WHAT TO WORK ON: The expected output is exactly the lines below, starting at the line with "line L0 (9.525, 0) -> (9.525, -25.4)" and ending at the line with "0, 0) x (0, 0, -1)", both included; no other line belongs in it.

DATA SHOWN:
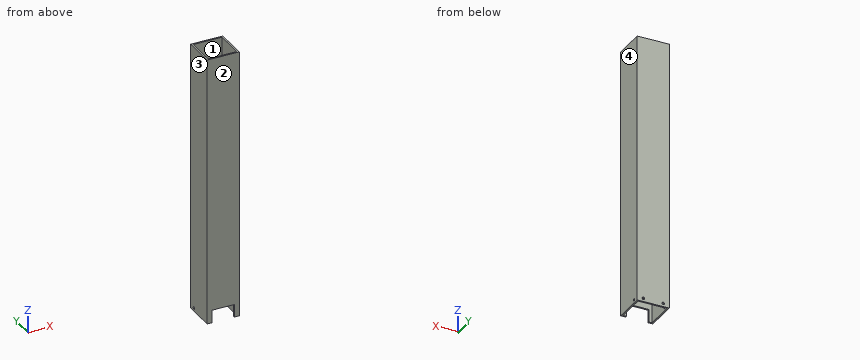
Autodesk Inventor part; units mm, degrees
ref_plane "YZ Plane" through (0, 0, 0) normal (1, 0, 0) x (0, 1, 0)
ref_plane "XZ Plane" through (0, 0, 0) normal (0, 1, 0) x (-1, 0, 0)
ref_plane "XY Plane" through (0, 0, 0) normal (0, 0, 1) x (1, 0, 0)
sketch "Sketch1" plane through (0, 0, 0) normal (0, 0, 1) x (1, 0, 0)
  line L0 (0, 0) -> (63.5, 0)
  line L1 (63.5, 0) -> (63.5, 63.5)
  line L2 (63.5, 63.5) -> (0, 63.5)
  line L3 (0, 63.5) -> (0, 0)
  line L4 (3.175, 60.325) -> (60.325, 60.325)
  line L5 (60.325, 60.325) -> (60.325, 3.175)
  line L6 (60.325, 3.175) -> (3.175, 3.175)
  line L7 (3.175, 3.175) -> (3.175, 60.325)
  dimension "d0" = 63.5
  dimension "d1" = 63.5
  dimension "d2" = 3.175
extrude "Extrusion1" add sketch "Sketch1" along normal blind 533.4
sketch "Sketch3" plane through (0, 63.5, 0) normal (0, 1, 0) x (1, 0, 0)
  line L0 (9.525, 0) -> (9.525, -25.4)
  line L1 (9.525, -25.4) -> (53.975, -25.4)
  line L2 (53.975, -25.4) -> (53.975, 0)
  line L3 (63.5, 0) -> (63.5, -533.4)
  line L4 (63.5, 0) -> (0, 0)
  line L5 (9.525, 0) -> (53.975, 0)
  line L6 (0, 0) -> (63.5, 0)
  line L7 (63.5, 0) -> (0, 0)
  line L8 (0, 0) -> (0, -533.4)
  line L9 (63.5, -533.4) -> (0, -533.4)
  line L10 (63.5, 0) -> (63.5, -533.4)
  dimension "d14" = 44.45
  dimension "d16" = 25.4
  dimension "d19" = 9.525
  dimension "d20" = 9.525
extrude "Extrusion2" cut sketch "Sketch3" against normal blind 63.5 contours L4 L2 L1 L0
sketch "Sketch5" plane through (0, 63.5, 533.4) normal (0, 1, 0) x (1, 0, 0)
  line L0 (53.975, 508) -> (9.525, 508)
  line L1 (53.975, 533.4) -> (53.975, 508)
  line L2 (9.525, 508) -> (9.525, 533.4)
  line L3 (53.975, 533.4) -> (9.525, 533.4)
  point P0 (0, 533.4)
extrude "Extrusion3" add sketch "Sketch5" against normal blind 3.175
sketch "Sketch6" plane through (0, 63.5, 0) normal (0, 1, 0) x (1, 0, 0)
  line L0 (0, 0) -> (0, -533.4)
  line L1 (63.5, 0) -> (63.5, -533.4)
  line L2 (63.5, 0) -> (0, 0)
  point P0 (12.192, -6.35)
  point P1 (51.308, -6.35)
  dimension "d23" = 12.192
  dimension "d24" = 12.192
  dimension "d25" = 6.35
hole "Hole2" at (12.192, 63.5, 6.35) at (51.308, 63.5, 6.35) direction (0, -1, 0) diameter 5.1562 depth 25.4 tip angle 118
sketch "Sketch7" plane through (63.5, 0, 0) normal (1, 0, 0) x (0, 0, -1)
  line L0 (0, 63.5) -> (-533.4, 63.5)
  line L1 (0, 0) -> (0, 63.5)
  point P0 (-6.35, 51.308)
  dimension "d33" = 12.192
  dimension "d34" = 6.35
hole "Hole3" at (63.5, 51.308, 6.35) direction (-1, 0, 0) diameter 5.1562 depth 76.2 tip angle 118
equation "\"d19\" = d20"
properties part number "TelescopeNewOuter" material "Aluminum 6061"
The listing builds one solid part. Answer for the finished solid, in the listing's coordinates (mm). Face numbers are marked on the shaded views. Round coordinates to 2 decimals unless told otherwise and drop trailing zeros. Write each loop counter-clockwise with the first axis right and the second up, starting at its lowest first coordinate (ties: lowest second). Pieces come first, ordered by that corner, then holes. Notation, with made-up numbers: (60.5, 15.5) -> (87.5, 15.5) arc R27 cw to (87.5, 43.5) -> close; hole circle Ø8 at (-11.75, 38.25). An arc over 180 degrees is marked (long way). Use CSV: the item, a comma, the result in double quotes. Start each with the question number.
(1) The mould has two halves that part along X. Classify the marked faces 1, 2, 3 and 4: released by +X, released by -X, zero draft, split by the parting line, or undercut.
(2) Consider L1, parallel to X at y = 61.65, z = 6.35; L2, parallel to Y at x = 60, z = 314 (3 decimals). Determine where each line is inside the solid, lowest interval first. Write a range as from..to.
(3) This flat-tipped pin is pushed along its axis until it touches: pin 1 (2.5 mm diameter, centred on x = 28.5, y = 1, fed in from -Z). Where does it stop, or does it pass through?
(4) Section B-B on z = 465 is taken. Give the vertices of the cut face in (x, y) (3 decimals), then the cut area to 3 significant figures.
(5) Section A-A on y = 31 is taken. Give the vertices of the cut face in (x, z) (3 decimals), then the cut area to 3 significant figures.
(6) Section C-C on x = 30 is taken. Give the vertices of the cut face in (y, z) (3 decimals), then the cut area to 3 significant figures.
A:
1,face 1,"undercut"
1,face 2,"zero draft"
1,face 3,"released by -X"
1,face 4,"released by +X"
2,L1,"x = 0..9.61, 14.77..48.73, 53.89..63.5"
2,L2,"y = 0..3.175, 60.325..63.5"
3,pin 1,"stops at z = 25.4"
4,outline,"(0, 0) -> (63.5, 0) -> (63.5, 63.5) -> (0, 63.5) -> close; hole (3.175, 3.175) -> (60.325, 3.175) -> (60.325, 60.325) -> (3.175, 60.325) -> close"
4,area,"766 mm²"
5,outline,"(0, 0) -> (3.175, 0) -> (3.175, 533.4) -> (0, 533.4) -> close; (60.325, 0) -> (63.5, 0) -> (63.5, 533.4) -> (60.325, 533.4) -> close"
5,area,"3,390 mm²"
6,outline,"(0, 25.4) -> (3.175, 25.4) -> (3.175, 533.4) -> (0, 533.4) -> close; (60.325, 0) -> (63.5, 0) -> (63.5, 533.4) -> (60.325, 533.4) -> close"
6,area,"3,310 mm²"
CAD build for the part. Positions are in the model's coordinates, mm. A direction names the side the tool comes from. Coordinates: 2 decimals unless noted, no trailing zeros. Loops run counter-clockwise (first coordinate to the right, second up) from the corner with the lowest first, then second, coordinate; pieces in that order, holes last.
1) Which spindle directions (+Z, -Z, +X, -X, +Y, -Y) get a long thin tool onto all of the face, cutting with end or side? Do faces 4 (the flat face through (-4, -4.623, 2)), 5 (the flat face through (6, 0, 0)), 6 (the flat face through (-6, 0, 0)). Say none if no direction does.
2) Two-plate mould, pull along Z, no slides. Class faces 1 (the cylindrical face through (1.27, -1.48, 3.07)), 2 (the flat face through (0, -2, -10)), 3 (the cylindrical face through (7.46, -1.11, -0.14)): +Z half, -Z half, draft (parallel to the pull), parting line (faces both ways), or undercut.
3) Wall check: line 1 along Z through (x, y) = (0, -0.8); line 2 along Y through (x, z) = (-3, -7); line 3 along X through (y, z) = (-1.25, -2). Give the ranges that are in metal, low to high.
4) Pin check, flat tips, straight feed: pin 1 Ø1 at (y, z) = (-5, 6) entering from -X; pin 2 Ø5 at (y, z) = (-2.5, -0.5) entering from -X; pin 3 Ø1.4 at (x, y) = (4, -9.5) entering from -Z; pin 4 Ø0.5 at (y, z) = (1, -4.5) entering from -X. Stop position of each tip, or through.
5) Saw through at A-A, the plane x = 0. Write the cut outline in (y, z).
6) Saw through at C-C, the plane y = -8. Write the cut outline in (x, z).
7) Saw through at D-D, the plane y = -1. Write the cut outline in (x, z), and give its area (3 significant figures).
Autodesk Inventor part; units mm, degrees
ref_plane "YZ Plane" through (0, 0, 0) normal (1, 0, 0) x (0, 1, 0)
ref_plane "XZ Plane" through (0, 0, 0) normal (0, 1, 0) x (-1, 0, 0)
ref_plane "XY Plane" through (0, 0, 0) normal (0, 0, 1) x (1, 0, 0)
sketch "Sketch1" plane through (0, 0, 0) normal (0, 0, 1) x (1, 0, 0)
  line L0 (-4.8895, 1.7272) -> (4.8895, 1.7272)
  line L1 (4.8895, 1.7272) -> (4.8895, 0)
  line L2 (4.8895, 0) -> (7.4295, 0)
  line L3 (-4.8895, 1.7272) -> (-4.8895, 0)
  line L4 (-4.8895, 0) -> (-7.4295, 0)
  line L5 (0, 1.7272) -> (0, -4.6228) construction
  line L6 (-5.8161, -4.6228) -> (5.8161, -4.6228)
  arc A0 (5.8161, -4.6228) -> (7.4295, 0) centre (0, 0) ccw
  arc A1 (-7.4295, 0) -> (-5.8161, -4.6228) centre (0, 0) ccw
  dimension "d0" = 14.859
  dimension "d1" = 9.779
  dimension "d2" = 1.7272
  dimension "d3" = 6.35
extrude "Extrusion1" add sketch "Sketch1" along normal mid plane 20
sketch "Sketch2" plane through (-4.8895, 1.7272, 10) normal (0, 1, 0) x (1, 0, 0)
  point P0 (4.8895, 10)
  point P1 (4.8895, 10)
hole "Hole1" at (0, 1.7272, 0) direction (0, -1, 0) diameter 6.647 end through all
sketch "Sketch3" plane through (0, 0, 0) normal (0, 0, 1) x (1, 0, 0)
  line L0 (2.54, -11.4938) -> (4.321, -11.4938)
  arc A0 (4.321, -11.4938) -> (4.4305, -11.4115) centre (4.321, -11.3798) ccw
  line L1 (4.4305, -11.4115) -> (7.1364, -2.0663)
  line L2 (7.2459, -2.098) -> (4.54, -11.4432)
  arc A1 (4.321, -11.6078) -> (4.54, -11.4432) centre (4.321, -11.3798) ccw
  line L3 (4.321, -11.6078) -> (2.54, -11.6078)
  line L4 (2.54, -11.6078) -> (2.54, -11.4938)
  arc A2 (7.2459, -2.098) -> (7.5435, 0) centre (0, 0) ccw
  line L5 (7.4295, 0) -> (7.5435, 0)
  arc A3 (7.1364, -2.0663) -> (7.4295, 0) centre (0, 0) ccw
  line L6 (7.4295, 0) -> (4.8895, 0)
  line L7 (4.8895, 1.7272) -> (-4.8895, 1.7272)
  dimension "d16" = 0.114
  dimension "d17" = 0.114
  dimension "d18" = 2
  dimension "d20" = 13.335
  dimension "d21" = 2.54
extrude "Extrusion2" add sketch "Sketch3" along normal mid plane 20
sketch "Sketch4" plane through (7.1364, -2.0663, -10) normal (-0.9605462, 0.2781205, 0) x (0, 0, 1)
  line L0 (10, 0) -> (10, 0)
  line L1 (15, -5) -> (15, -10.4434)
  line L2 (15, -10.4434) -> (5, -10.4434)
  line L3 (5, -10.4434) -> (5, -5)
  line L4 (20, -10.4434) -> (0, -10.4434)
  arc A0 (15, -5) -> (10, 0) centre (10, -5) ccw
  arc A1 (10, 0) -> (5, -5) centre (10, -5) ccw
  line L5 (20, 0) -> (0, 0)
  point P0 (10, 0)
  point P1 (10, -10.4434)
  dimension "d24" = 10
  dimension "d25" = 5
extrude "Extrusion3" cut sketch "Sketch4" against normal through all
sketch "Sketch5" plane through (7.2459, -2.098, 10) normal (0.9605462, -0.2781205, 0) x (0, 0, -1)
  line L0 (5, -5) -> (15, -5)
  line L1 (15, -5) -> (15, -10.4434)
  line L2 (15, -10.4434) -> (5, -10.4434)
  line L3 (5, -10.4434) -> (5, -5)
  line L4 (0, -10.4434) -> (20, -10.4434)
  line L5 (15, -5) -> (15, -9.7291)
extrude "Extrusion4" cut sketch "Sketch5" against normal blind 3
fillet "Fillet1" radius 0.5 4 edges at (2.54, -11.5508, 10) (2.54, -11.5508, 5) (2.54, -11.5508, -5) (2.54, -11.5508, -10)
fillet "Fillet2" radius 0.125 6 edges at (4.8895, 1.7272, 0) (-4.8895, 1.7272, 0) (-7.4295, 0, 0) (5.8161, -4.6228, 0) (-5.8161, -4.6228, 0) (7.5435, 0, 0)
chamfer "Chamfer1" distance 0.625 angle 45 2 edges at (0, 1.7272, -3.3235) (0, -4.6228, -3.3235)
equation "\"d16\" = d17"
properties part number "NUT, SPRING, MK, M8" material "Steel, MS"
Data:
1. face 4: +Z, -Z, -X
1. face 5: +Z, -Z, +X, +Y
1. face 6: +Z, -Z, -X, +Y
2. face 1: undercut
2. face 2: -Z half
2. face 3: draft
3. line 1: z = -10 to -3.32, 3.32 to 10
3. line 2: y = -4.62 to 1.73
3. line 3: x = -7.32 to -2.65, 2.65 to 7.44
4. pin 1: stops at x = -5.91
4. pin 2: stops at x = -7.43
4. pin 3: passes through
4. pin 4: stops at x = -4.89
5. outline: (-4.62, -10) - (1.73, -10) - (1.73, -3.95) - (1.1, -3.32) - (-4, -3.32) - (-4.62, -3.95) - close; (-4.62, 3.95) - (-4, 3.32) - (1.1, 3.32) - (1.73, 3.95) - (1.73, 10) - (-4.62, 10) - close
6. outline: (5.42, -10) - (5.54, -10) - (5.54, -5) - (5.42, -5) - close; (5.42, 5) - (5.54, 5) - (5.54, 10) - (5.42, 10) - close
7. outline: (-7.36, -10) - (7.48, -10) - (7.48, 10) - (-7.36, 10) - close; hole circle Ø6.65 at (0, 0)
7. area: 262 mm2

OUTPUT BELOW:
  line L0 (9.525, 0) -> (9.525, -25.4)
  line L1 (9.525, -25.4) -> (53.975, -25.4)
  line L2 (53.975, -25.4) -> (53.975, 0)
  line L3 (63.5, 0) -> (63.5, -533.4)
  line L4 (63.5, 0) -> (0, 0)
  line L5 (9.525, 0) -> (53.975, 0)
  line L6 (0, 0) -> (63.5, 0)
  line L7 (63.5, 0) -> (0, 0)
  line L8 (0, 0) -> (0, -533.4)
  line L9 (63.5, -533.4) -> (0, -533.4)
  line L10 (63.5, 0) -> (63.5, -533.4)
  dimension "d14" = 44.45
  dimension "d16" = 25.4
  dimension "d19" = 9.525
  dimension "d20" = 9.525
extrude "Extrusion2" cut sketch "Sketch3" against normal blind 63.5 contours L4 L2 L1 L0
sketch "Sketch5" plane through (0, 63.5, 533.4) normal (0, 1, 0) x (1, 0, 0)
  line L0 (53.975, 508) -> (9.525, 508)
  line L1 (53.975, 533.4) -> (53.975, 508)
  line L2 (9.525, 508) -> (9.525, 533.4)
  line L3 (53.975, 533.4) -> (9.525, 533.4)
  point P0 (0, 533.4)
extrude "Extrusion3" add sketch "Sketch5" against normal blind 3.175
sketch "Sketch6" plane through (0, 63.5, 0) normal (0, 1, 0) x (1, 0, 0)
  line L0 (0, 0) -> (0, -533.4)
  line L1 (63.5, 0) -> (63.5, -533.4)
  line L2 (63.5, 0) -> (0, 0)
  point P0 (12.192, -6.35)
  point P1 (51.308, -6.35)
  dimension "d23" = 12.192
  dimension "d24" = 12.192
  dimension "d25" = 6.35
hole "Hole2" at (12.192, 63.5, 6.35) at (51.308, 63.5, 6.35) direction (0, -1, 0) diameter 5.1562 depth 25.4 tip angle 118
sketch "Sketch7" plane through (63.5, 0, 0) normal (1, 0, 0) x (0, 0, -1)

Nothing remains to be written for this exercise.